A similar quality can be found in the experience of genius, where ideas can arise in a flash as if out of nowhere, filling the mind with excitement and gratitude, in a brain somehow prepared and receptive. Genius is already close to mystical experience. But in mysticism the brain has risen one step further, sensing not only new ideas but the source from which they emerge. In other words, the journey begins away from the physical world, and toward the origin of consciousness itself, through the organ of the human brain. This is the true power behind an eloquence which outlasted empires and mighty civilisations. Not for nothing have some religions marked the crown of the head as a sacred point, depicting it in ancient paintings as emitting a halo of light, or adorning it with caps or turbans, or representing it with the thousand petalled white lotus of the ancient yoga treatises.
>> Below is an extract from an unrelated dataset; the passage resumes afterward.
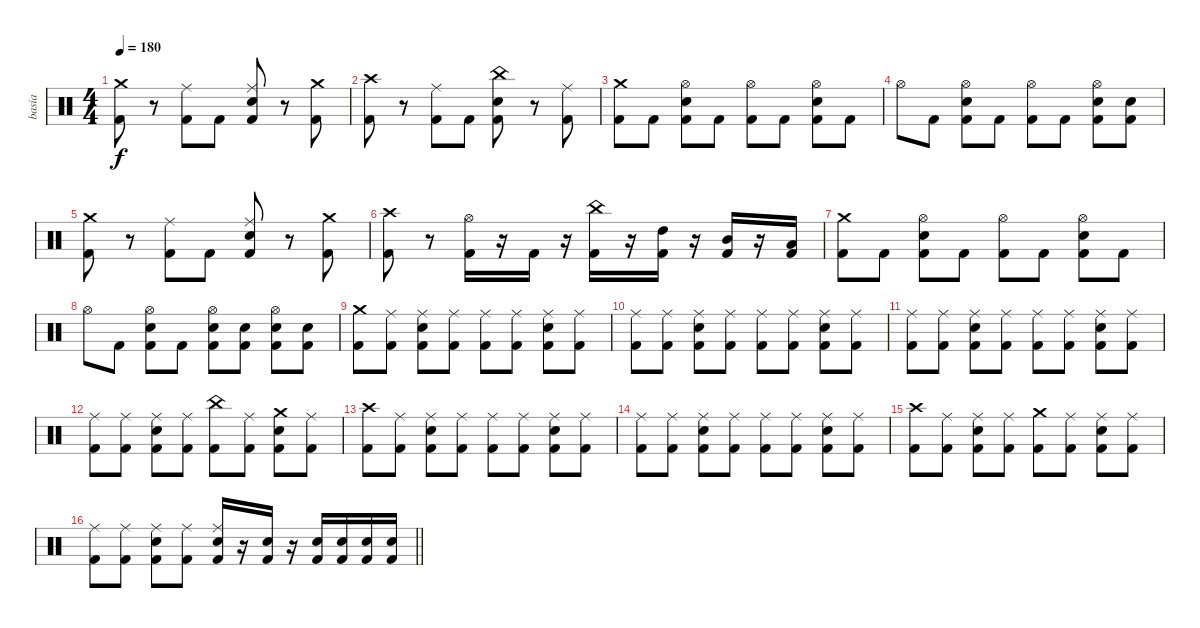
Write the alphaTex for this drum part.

Further accenting the importance of the brain, mystical experience has been most common around the age of 33 – 40, the period at which the brain and nervous system mature. Jesus and Buddha are both said to have reached enlightenment at this age. Mohammed’s visions and revelations began at this time also. Gifted with this experience, it can hardly be surprising if an agrarian mind raised in humble surroundings at a time when it was supposed that the Earth was the centre of a modest Universe, might have felt he was face to face with God himself. The indescribable otherworldliness of this vision easily explains the cryptic phrase “the kingdom of Heaven is within.”
It is for this reason mysticism has been held in such high regard in every culture and age. It is for this reason that even a single flash of mystical experience carries more impact than an entire lifetime spent in study. With such an illumination into the world of life from which our own self has somehow arisen, the personality is changed forever. These are the human experiences which launched the major religions of today; despite distortions, their sometimes fantastic interpretations, and the vicissitudes of the centuries, they form a cherished bulwark of hope for billions still drawn to their beauty. Instinctive recognition of our own evolutionary destiny is the reason why prophets are held to be beyond reproach, beyond criticism, and even sacred or divine, as they have been the rarest class of humans ever to walk the Earth.